From October 17, 2025, to March 2, 2026, the Fondation Louis Vuitton in Paris will host one of the most ambitious exhibitions in its recent history: a comprehensive retrospective dedicated to Gerhard Richter, a pivotal figure in contemporary art and one of the most influential artists of the last century. Born in Dresden in 1932, Richter lived through the major political and cultural events of postwar Europe. In 1961, he escaped from East Germany and settled in Düsseldorf, a move that profoundly shaped his artistic vision. Years later, he established himself in Cologne, the city where he continues to live and work.

Gerhard Richter, Tisch, 1962 (CR 1), Private Collection © Gerhard Richter 2025 (18102025) | Photo credit: © Jennifer Bornstein.
True to its mission of celebrating the great artistic voices of the 20th and 21st centuries, the Foundation—which in recent years has dedicated solo exhibitions to names such as Jean-Michel Basquiat, Joan Mitchell, Mark Rothko, and David Hockney—is this time devoting all of its exhibition spaces to Richter. The result is an immersive journey that offers a panoramic view of more than six decades of his work: from his early figurative pieces based on family and press photographs to the monumental abstractions that have earned him international acclaim.
The exhibition highlights not only the breadth of media Richter has explored—painting, drawing, manipulated photography, glass, and new materials—but also the coherence of a body of work that, despite its stylistic diversity, maintains as its central focus a critical reflection on image, memory, and perception. Presented with a carefully articulated chronological approach, the exhibition allows visitors to follow the evolution of an artist who has questioned the boundaries between reality and representation, between gesture and chance, between the visible and the hidden.

Gerhard Richter, 4900 colors, 2007. Lacquer on Alu Dibond, Fondation Louis Vuitton, Paris © Gerhard Richter 2025 | Photo credit: © Primae / Louis Bourjac.
With this retrospective, the Fondation Louis Vuitton reaffirms its role as a key institution in the dissemination of international contemporary art, offering a unique opportunity to rediscover a creator whose work continues to challenge our way of looking at the world.
On numerous occasions, Richter has flirted with banality, and even kitsch or sentimentality, always exploring that edge where emotion and detachment meet. Among his most emblematic pieces is Uncle Rudi (1965), where the artist portrays his uncle in uniform with an awkward smile, frozen in a moment that reveals as much as it conceals. The work functions as a haunting reminder of German history and, at the same time, as an example of the calculated coldness with which Richter revisits the intimate.
Meticulous and almost obsessive in his inclination to classify, enumerate, and archive, Richter has spent decades organizing his work into thematic categories and compiling thousands of visual references in his monumental Atlas. It is no surprise, then, that he has been the subject of numerous retrospectives and reinterpretations. Each has told a different story: one need only recall the 2020 exhibition at the Metropolitan Museum of Art in New York, which barely had time to open before being shut down by the outbreak of the pandemic. As is always the case with Richter, every exhibition is just one possible version, another way of looking at a universe in perpetual motion.

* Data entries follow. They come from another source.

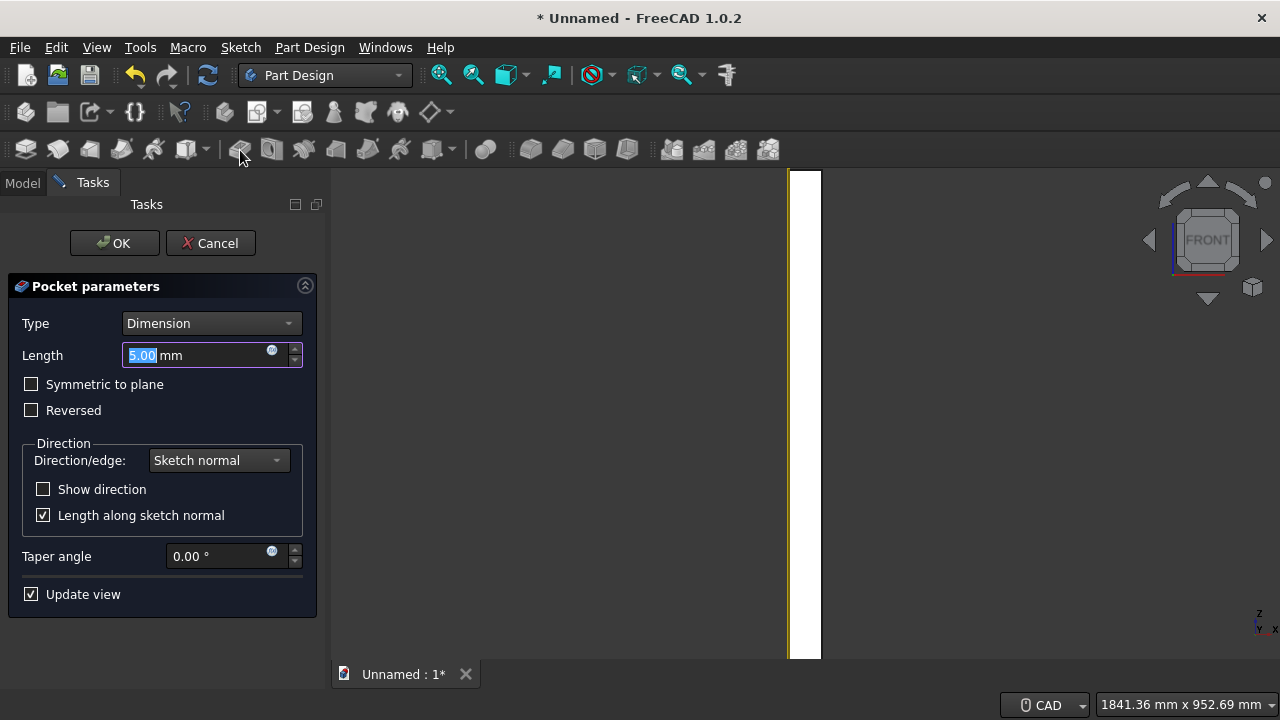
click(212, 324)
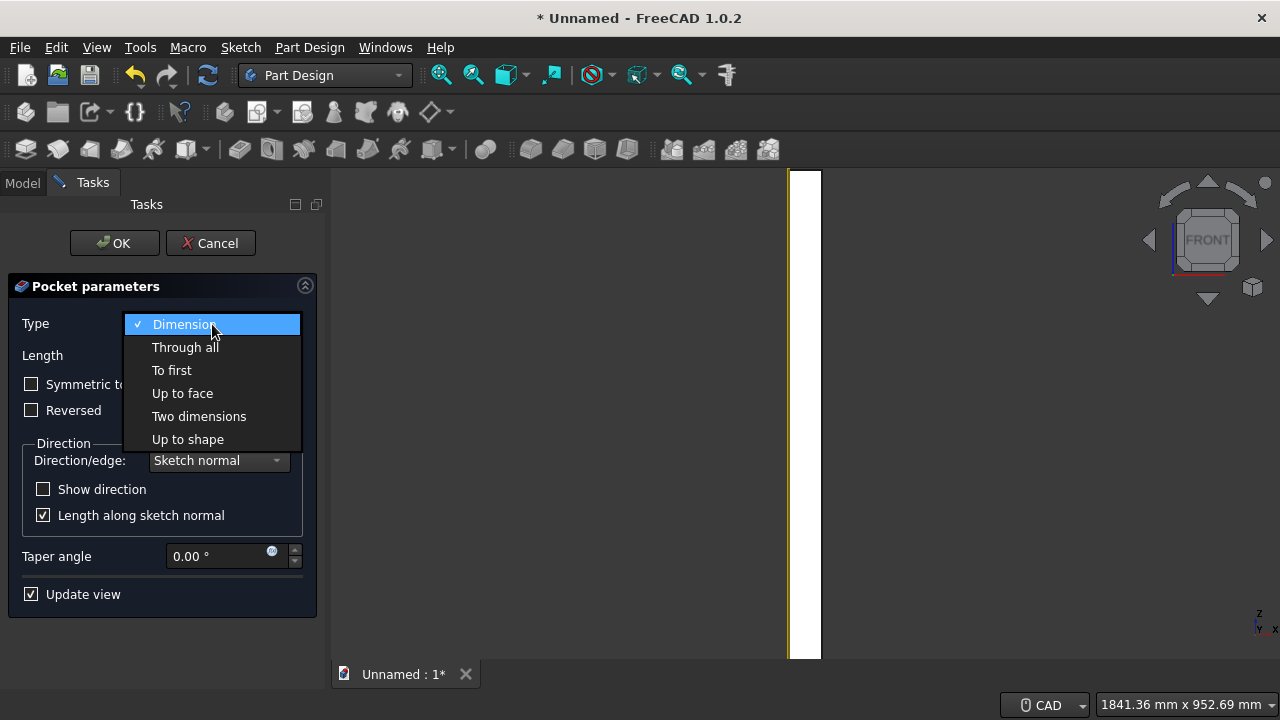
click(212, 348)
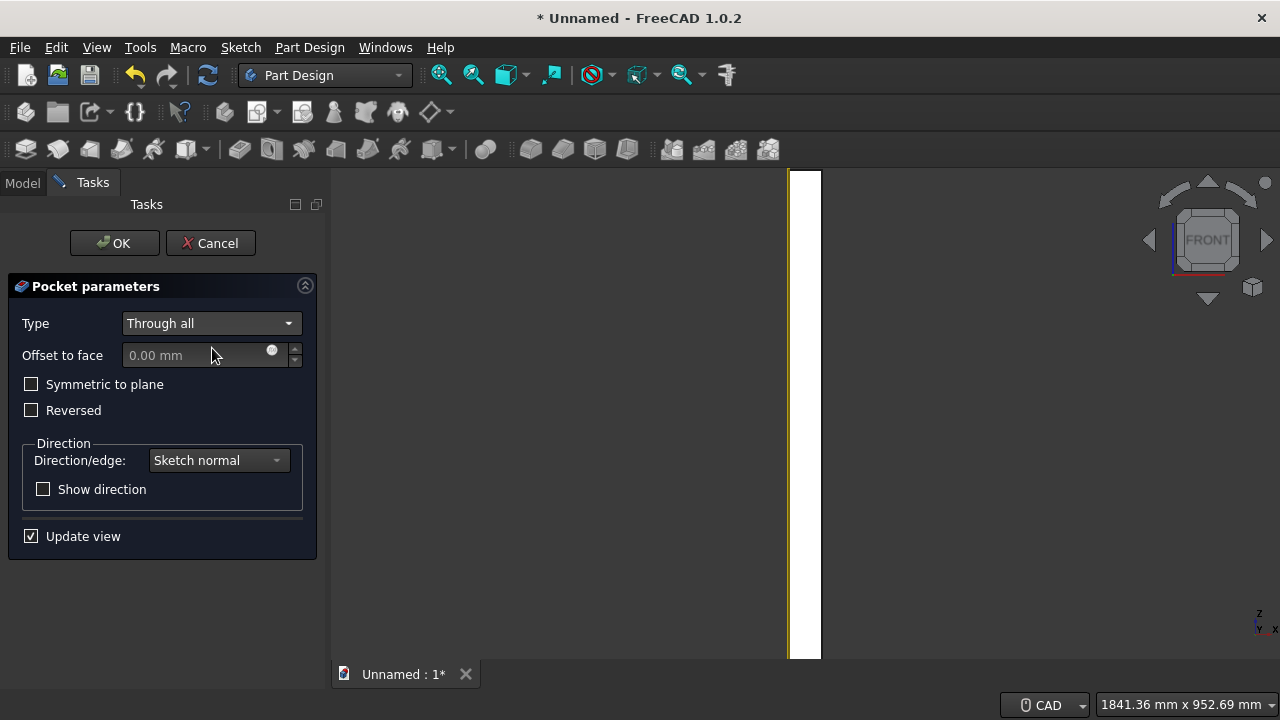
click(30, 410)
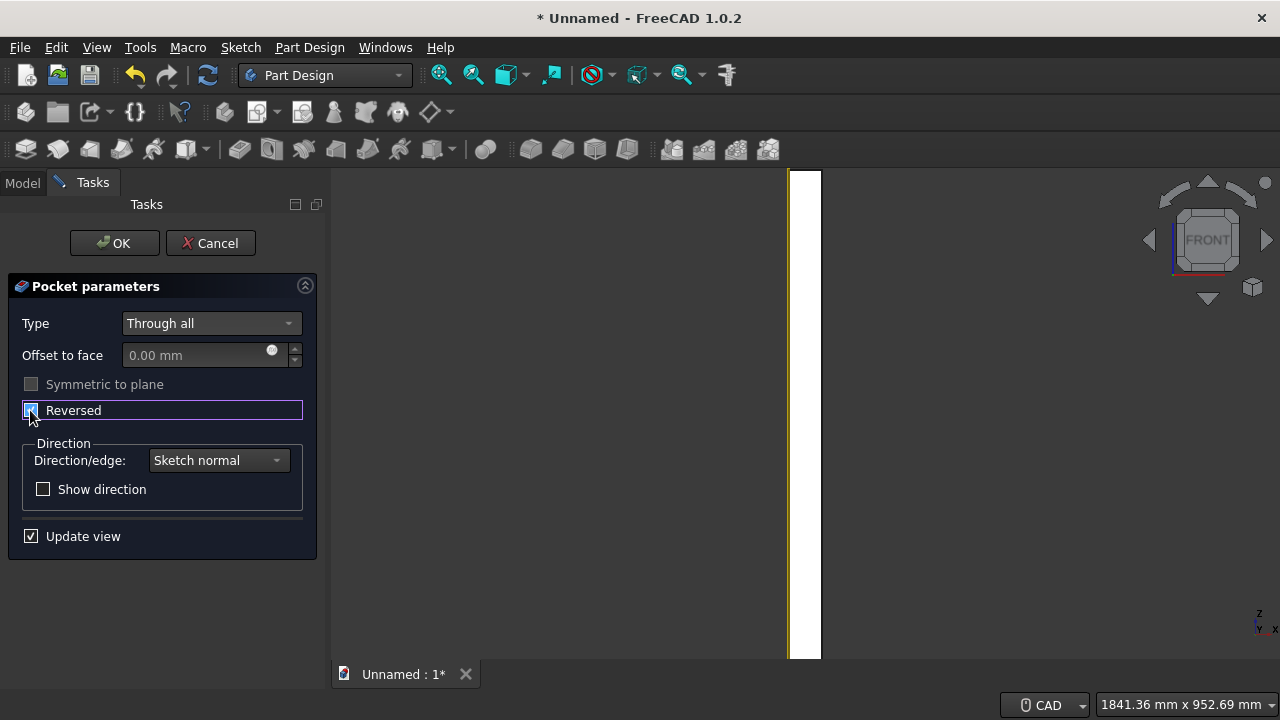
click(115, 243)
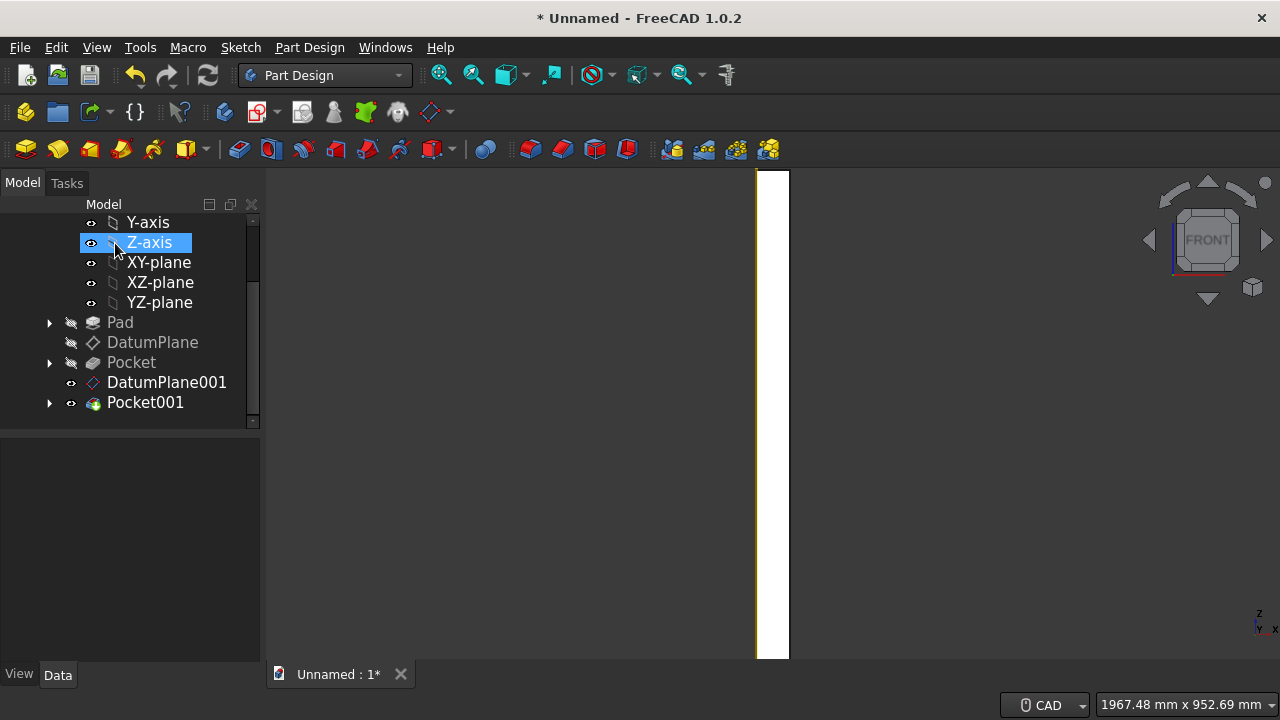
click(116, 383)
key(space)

Gerhard Richter, Lila, 1982 (CR 494) Fondation Louis Vuitton, Paris | © Gerhard Richter 2025 Photo credit: © Primae / Louis Bourjac.
Gerhard Richter was already featured in the inaugural exhibition of the Fondation Louis Vuitton in 2014, which showcased a significant selection of works from the museum's collection. A decade later, the Parisian institution pays tribute to the artist with an exceptional retrospective, unprecedented in its scale and the span of time it covers. With 275 pieces created between 1962 and 2024, the exhibition offers an extraordinarily comprehensive overview of Richter's evolution over more than sixty years of work.